Patients with MDS usually present with symptoms of fatigue, weakness, chest pain, or shortness of breath. Less commonly a person is diagnosed as a result of an infection, easy bruising, or bleeding. Initial diagnostic workup for MDS includes obtaining the complete blood count. Bone marrow aspiration and biopsy can be performed to achieve a definitive diagnosis [17]. Classification of MDS is done using the original and the revised International Prognostic Scoring System (IPSS & IPSS-R) and treatment recommendations are based on the risk group according to the scoring system [18, 19]. The only cure of MDS is blood or bone marrow transplantation. The following is the summary of options and recommendations for specific subsets of patients [20]. Patients with low risk MDS are treated with low intensity therapy including blood transfusions, hematopoietic growth factors [21], and low intensity chemotherapy using Azacitidine, Decitabine [22], and Lenalidomide [23]. Patients with high risk MDS are treated with either high risk chemotherapy similar to treatment of acute myeloid leukemia [24] or bone marrow transplantation [25]. Our patient was classified as intermediate risk according to the IPSS-R classification and underwent bone marrow transplantation because of the age and survival benefit.

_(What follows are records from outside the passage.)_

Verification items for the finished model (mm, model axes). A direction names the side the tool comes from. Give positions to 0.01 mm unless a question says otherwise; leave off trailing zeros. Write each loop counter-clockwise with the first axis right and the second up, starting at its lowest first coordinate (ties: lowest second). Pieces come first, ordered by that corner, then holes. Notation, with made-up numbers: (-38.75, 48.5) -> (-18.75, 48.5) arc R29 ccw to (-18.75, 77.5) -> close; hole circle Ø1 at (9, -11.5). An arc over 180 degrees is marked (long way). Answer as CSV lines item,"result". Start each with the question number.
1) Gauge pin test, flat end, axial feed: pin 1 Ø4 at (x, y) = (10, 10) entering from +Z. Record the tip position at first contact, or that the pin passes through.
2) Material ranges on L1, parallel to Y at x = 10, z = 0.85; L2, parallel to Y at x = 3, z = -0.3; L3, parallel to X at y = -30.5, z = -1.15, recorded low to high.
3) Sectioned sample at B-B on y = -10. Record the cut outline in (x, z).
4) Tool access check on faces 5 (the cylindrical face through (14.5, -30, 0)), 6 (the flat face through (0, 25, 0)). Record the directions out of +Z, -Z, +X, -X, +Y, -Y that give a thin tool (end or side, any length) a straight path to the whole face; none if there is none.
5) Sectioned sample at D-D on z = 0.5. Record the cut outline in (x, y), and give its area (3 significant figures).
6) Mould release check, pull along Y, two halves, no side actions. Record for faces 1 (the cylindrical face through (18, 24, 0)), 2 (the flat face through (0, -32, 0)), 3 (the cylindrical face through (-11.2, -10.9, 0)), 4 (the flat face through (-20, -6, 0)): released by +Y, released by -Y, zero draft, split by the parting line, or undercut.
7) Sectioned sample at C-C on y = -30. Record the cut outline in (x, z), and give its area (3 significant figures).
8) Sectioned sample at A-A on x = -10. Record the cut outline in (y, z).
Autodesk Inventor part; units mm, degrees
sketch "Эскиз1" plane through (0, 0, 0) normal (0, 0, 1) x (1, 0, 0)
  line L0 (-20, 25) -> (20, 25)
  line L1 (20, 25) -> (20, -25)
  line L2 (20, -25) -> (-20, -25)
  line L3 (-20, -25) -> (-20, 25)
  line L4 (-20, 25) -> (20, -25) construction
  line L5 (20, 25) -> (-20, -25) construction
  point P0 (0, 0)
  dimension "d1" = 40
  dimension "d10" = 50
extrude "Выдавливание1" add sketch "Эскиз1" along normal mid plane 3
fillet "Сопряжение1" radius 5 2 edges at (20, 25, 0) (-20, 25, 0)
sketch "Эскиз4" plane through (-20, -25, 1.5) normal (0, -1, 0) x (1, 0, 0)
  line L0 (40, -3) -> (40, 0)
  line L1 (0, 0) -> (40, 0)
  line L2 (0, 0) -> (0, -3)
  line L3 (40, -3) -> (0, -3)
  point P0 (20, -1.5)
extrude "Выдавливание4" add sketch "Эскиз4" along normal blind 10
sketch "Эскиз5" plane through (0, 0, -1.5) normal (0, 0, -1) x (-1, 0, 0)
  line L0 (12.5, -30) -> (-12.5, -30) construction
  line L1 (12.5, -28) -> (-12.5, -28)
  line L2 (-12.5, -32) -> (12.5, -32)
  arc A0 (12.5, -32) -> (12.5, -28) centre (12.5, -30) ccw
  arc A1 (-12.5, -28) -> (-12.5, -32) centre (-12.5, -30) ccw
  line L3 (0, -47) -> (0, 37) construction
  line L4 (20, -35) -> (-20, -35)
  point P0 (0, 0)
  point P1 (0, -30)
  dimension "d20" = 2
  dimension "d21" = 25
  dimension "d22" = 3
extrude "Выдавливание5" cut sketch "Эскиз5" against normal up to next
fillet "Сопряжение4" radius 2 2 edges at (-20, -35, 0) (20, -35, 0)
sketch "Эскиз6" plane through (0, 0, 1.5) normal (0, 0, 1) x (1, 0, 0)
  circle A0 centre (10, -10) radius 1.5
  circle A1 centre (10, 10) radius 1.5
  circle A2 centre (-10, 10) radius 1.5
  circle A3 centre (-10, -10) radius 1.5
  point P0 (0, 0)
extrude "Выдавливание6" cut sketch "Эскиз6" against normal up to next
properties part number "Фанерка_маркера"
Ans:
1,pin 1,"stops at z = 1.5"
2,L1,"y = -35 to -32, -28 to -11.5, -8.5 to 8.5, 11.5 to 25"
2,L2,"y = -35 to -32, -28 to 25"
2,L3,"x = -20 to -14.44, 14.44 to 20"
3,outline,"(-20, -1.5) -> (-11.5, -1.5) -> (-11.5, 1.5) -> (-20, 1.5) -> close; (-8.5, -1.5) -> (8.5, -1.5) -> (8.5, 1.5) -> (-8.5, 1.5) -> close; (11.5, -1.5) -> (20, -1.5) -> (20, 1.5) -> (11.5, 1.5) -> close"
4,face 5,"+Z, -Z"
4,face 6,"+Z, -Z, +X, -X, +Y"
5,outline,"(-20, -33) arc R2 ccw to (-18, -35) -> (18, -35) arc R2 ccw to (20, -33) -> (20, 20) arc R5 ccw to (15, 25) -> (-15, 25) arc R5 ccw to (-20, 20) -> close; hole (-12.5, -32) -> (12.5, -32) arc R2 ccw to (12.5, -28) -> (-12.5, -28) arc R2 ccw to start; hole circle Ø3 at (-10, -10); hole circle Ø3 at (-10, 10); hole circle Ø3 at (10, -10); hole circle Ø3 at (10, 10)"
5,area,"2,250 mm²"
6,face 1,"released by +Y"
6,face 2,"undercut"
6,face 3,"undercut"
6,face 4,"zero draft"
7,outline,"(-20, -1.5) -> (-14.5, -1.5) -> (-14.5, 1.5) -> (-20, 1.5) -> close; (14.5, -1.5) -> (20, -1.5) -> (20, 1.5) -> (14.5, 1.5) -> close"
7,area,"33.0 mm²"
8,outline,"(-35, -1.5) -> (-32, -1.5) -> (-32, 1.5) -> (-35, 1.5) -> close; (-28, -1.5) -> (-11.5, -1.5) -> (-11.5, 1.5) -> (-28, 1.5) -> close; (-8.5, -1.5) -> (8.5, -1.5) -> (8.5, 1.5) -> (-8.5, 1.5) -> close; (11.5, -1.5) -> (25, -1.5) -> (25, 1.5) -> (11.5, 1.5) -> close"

Primary ciliary dyskinesia presents with recurrent infections of the upper and lower respiratory tract. Patients present with bronchiectasis manifesting as auscultatory crackles and may have wheezing. Common findings on chest radiograph and CT scan are mild to moderate degree of hyperinflation, peribronchial thickening, atelectasis, and bronchiectasis [26]. Spirometry often reveals mild to moderate airway obstruction with variable responsiveness to bronchodilators [27]. Rhino sinusitis is a cardinal feature of PCD commonly involving ethmoidal and maxillary sinuses. Assessment and followup of the sinuses should be done by sinus CT scan. Situs inversus is present in approximately 50% of patients with PCD. Most men with PCD have live but immotile spermatozoa and hence infertile. Measuring nasal nitric oxide (nNO) using chemoluminescence is a useful screening test for PCD but is limited to highly specialized centers [28]. High-speed video-microscopy (HSVM) and electron microscopy are traditional methods to examine ciliary movement and ultrastructure but requires experienced video microscopist and is very subjective [29]. Treatment of the disease must be highly individualized based on the needs and specific clinical course of the disease observed in each patient. Daily chest physiotherapy is very essential to compensate for absent mucociliary clearance. Acute exacerbations are commonly treated with antibiotics [30]. Bilateral lung transplantation is the therapy of choice in patients with end-stage respiratory insufficiency; often heart-lung transplantation or a modified surgical procedure is required since patients also present often with situs inversus [31]. Medical therapy for rhinosinusitis in patients with PCD includes nasal saline lavage, intranasal glucocorticoids, and antibiotic therapy for exacerbations. Close followup is essential and spirometry with pulmonary function tests should be obtained at every visit.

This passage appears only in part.